I just recently came back to Facebook after a long hiatus and found myself right in the middle of election season. Normally, I am blissfully unaware of the heated exchanges and hate-filled rhetoric because I don’t watch commercial television and rarely listen to the radio (preferring Netflix and Pandora One instead). So I’m suffering from a little culture shock being suddenly caught in the Facebook crossfire.

Don’t get me wrong. I have no problem with the expression of closely held political beliefs. And I am a voter. I have not yet opted out of the system entirely (though I am sorely tempted). But I’ve noticed a strange phenomenon regarding the expression of beliefs on Facebook. It makes the people posting seem so much nastier than they really are.

Many of my friends are on opposite sides of various issues and some of the things they choose to post are really mean. Sometimes clever and funny, but still really mean. I know a lot of these people well and they all seem to me to be decent, hardworking, and intelligent.
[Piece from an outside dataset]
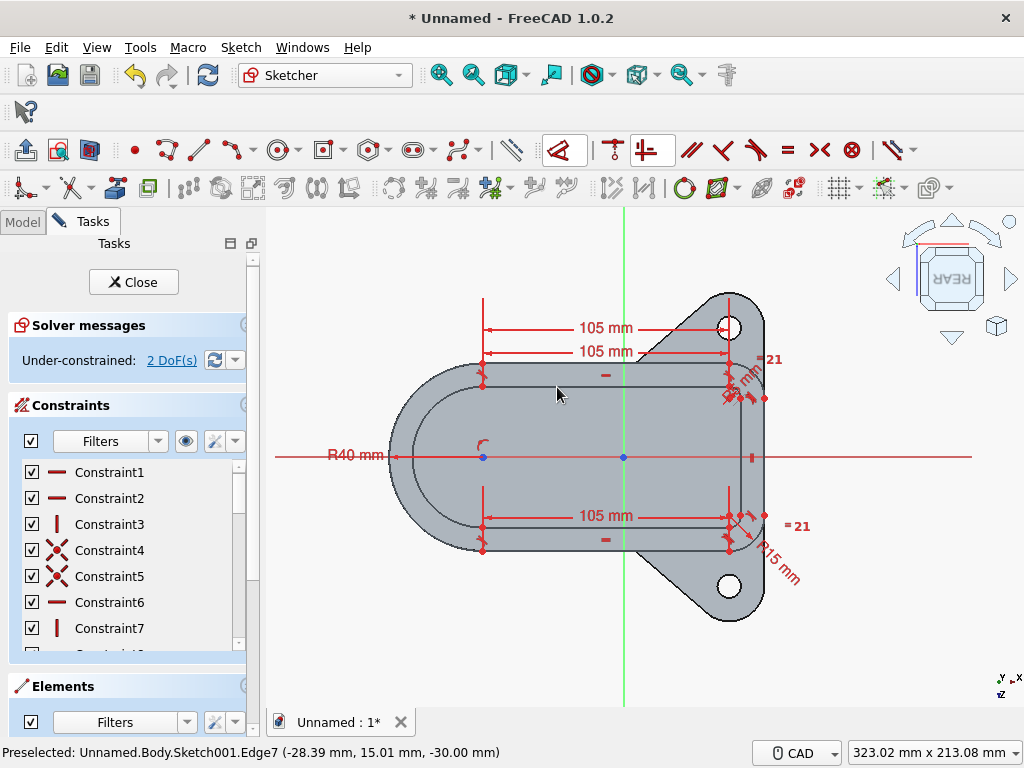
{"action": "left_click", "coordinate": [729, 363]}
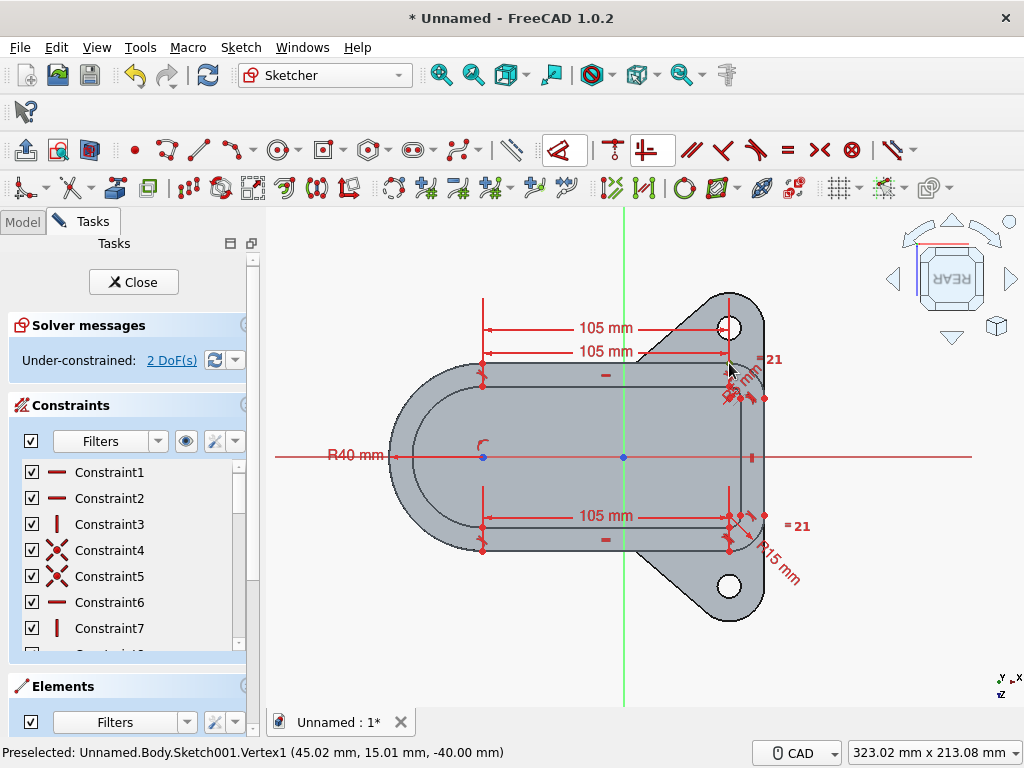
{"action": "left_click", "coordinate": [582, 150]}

I’ve had dinner with them. Sympathized when things have gone wrong in their lives. Accepted sympathy from them when things have gone wrong in mine. I’ve played music with them, watched movies with them, held their babies. They are not evil. But they call each other evil, yes they do.
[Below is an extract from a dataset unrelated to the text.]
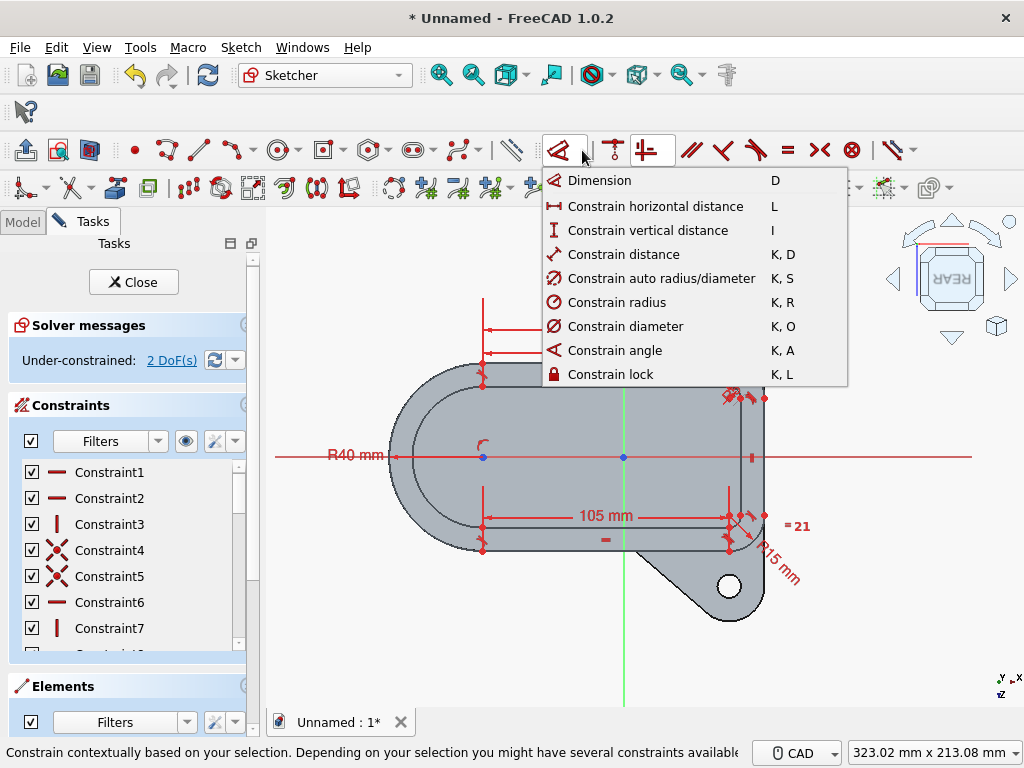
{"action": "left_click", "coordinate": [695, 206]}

It’s hard for me to understand this disconnect. If they were all standing in a room together having a sociopolitical discussion, I doubt they would say half of what they post. But on Facebook it’s so easy to share that one-liner about how stupid religious people are. Or that cartoon where all liberals are leeches. Or those rants about how political candidate X should be strung up along with all his followers. If you go by Facebook, none of my friends should ever meet lest they start lighting torches and collecting stones.
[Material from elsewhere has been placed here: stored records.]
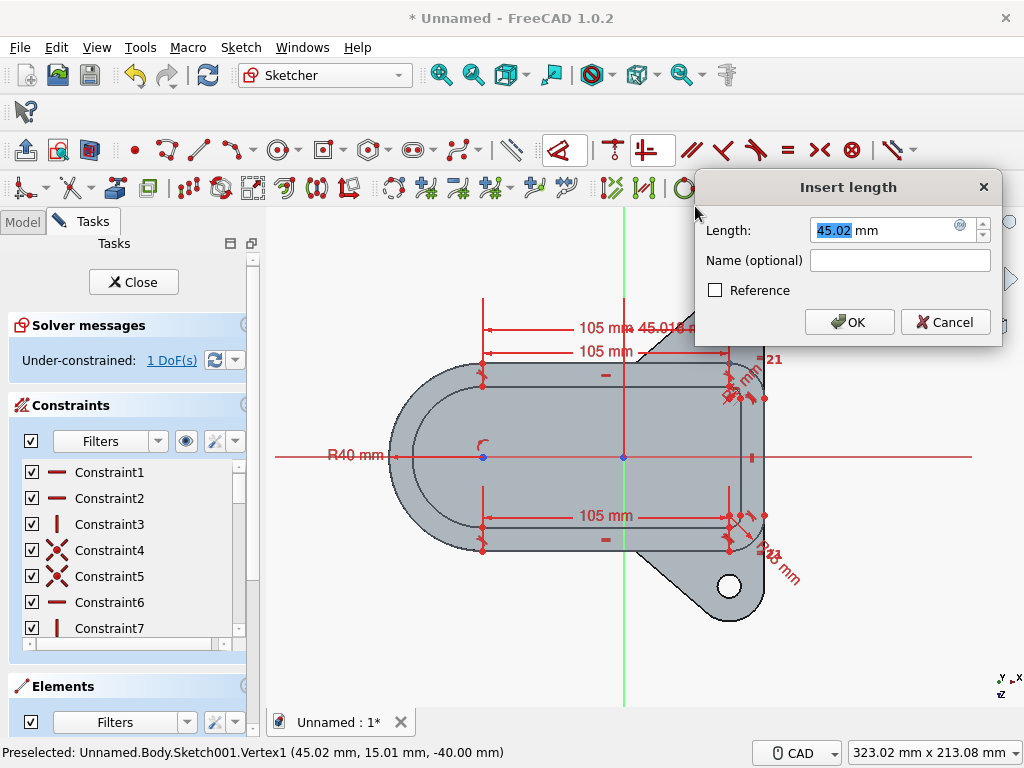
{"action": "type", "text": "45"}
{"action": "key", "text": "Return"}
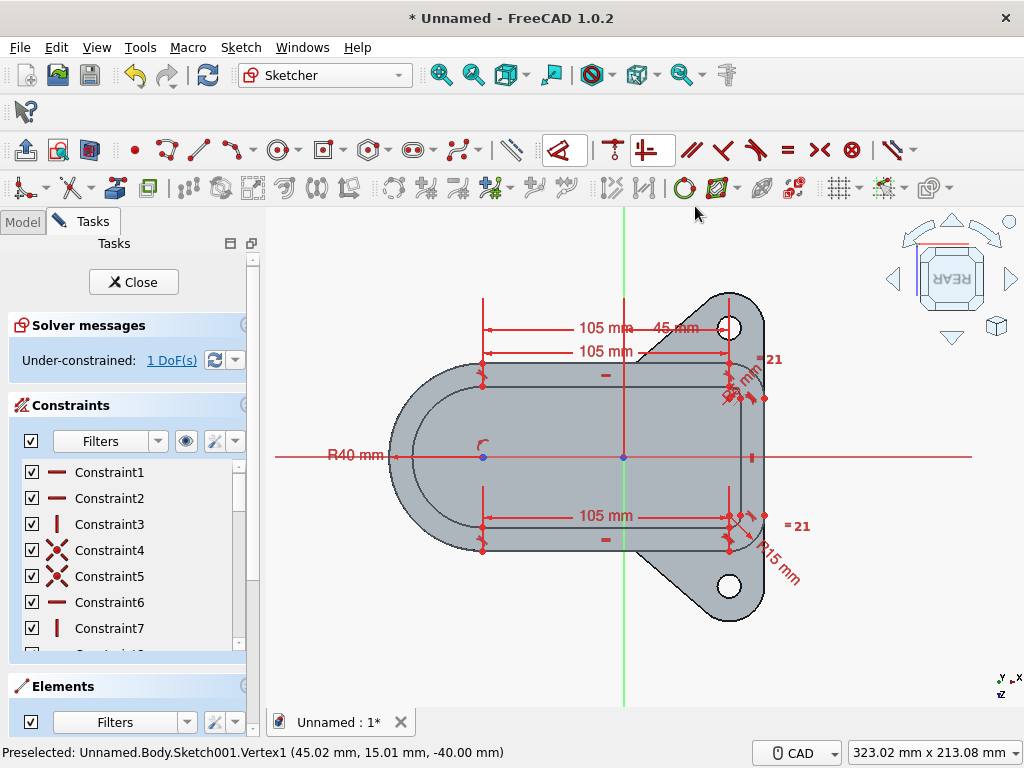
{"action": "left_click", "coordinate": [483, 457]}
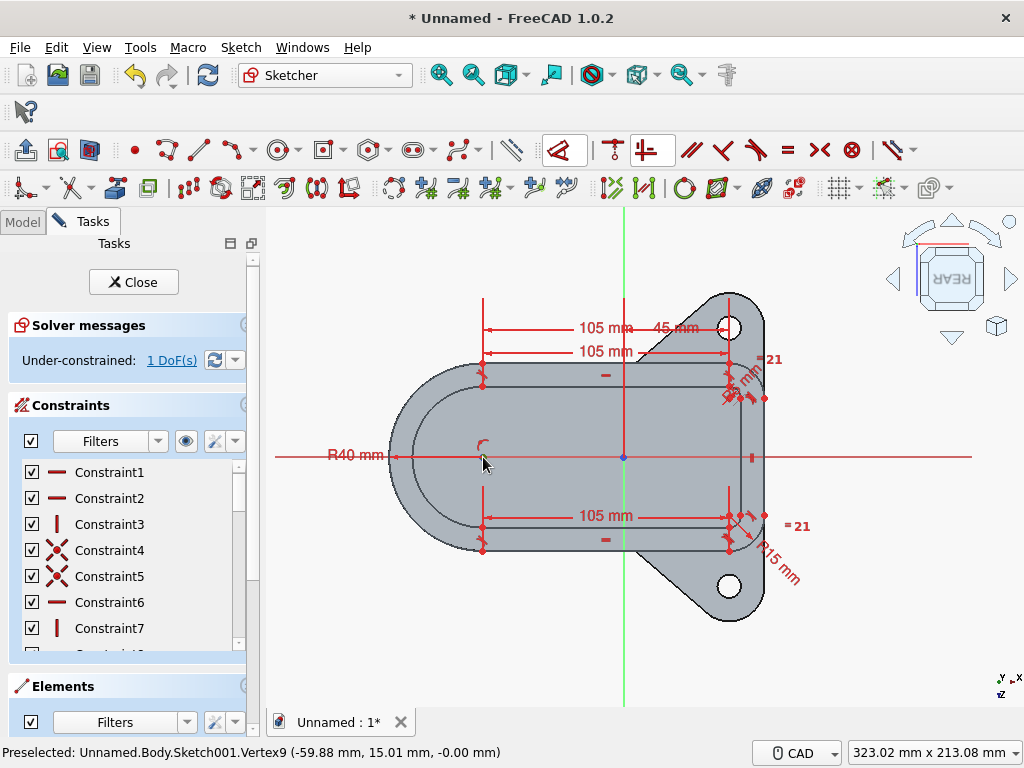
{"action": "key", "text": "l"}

But I know different. I know if they were face to face, discussing real things, like beer and vacations, illnesses and credit card debt, pets and favorite colors, they’d see that they’re the same in so many ways. I know they would have to think twice about who they’re blaming for all the problems in the universe.

I’m sure the philosophical differences would eventually cause conflict, but I believe the ensuing discussion would be a lot more civil and meaningful because it would be between people, not soundbites. In my humble opinion, soundbites suck because they reduce very complex issues to easily digestible nonsense. I believe that the more we portray the people who disagree with us as monsters, the more dangerous life is for all of us. And soundbites just love to play the monster card. Because it’s easier.

I’m not a monster and I don’t believe my friends are monsters either, no matter what their stand on abortion is, how much money they gave to political party X, or how they feel about immigrants. Are they confused? Yes. Woefully misinformed? Possibly. Scared? Definitely. But monsters? No. They are parents and teachers, scientists and deacons, artists and construction workers. Just average, everyday people like me.

So if I block your posts and you don’t hear from me on Facebook for awhile, it’s not because I don’t like you anymore. It’s because I don’t like what you’re saying about my friends. And that goes for both sides. We have to keep talking to each other like people. We can’t hide behind clever insults and convenient generalizations. Because once the talking stops, the shooting starts.